We slowly started our descent following the traverse carved into the side of the Gasienicowa Bowl. The snow was fluffy and there were icy spots here and there. I was very grateful our snowshoes had good crampons. While descending, we reminisced on the years past, our old friends, and the time flew by. We finally reached a group of mountain lakes, typically completely covered by snow this time of the year. Today, one could easily distinguish the perimeters of each lake and a thin ice crust covering them. The high, cascading walls of Orla Perc (Eagle’s Path) above the lakes were gloomily looking at us. There was none else around; one could only hear the wind and crackling of snow under our snowshoes. We were probably another hour from the mountain lodge. We decided to take it easy and instead of following the shorter, yet steeper route, we took a more scenic detour around the lakes; down to the bottom of the valley where the lodge majestically stood among the dwarf mountain pines.

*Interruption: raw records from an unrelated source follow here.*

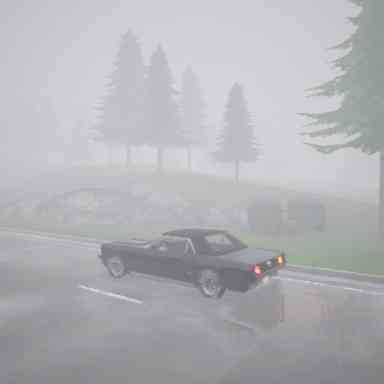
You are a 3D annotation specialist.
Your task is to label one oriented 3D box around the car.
[{"bbox_3d":[-0.208,1.600,8.439,4.718,1.301,1.895,0,0,35],"label":"car"}]
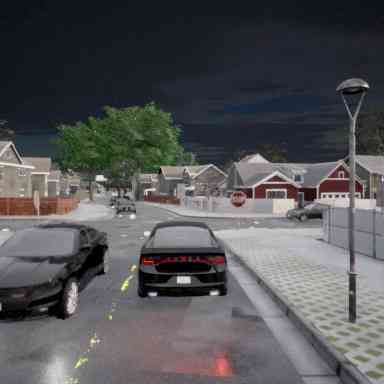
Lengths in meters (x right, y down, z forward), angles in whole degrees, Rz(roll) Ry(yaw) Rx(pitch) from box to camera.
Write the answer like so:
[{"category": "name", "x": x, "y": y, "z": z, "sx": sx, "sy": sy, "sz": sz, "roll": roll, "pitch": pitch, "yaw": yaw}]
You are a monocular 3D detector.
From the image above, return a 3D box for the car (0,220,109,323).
[{"category": "car", "x": -3.170, "y": 1.479, "z": 7.540, "sx": 1.882, "sy": 1.535, "sz": 5.008, "roll": 0, "pitch": 0, "yaw": -3}]

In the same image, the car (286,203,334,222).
[{"category": "car", "x": 9.947, "y": 1.633, "z": 26.981, "sx": 4.674, "sy": 1.442, "sz": 1.812, "roll": 1, "pitch": 1, "yaw": -15}]

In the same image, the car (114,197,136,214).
[{"category": "car", "x": -7.041, "y": 1.579, "z": 35.598, "sx": 1.994, "sy": 1.385, "sz": 4.181, "roll": 0, "pitch": 0, "yaw": -13}]

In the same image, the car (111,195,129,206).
[{"category": "car", "x": -9.461, "y": 1.568, "z": 45.045, "sx": 2.033, "sy": 1.411, "sz": 5.357, "roll": 0, "pitch": 0, "yaw": -16}]

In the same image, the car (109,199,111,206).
[{"category": "car", "x": -12.649, "y": 1.573, "z": 54.973, "sx": 2.033, "sy": 1.411, "sz": 5.357, "roll": 0, "pitch": 0, "yaw": -20}]

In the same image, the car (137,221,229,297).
[{"category": "car", "x": -0.271, "y": 1.476, "z": 8.633, "sx": 1.882, "sy": 1.535, "sz": 5.008, "roll": 0, "pitch": 0, "yaw": -3}]

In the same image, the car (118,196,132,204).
[{"category": "car", "x": -12.927, "y": 1.511, "z": 64.006, "sx": 1.837, "sy": 1.490, "sz": 4.892, "roll": 0, "pitch": 0, "yaw": -20}]

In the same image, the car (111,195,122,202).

It tasted just as I remembered it form 30+ years ago…the subtle smell of raspberries was emerging from a steaming white mug of black tea with locally made juice. It was a treat indeed. Like true mountaineers, we recovered our brown bag lunches from our backpacks and we had a feast! Given the holiday season, we enjoyed some goodies only made at this time of the year such as my Mom’s game pate – conveniently sandwiched between crusty slices of the local bread. It was almost 2pm and it was time to start our return as the days were still short and it was getting dark around 4:30pm. The snow conditions around the lodge (elevation 1500 meters) were much worse than on the top and we decided to continue our journey on foot. Trekking poles were essential as the trail was periodically icy. The weather, however has improved significantly in the afternoon, and we now enjoyed the views of many peaks we summited as teenagers. It was quite a trip along the “memory lane”. Aldona is a great companion and a former scout. We have created many wonderful mountain memories together and this snowshoeing outing (first one ever for her) will be added to our special library.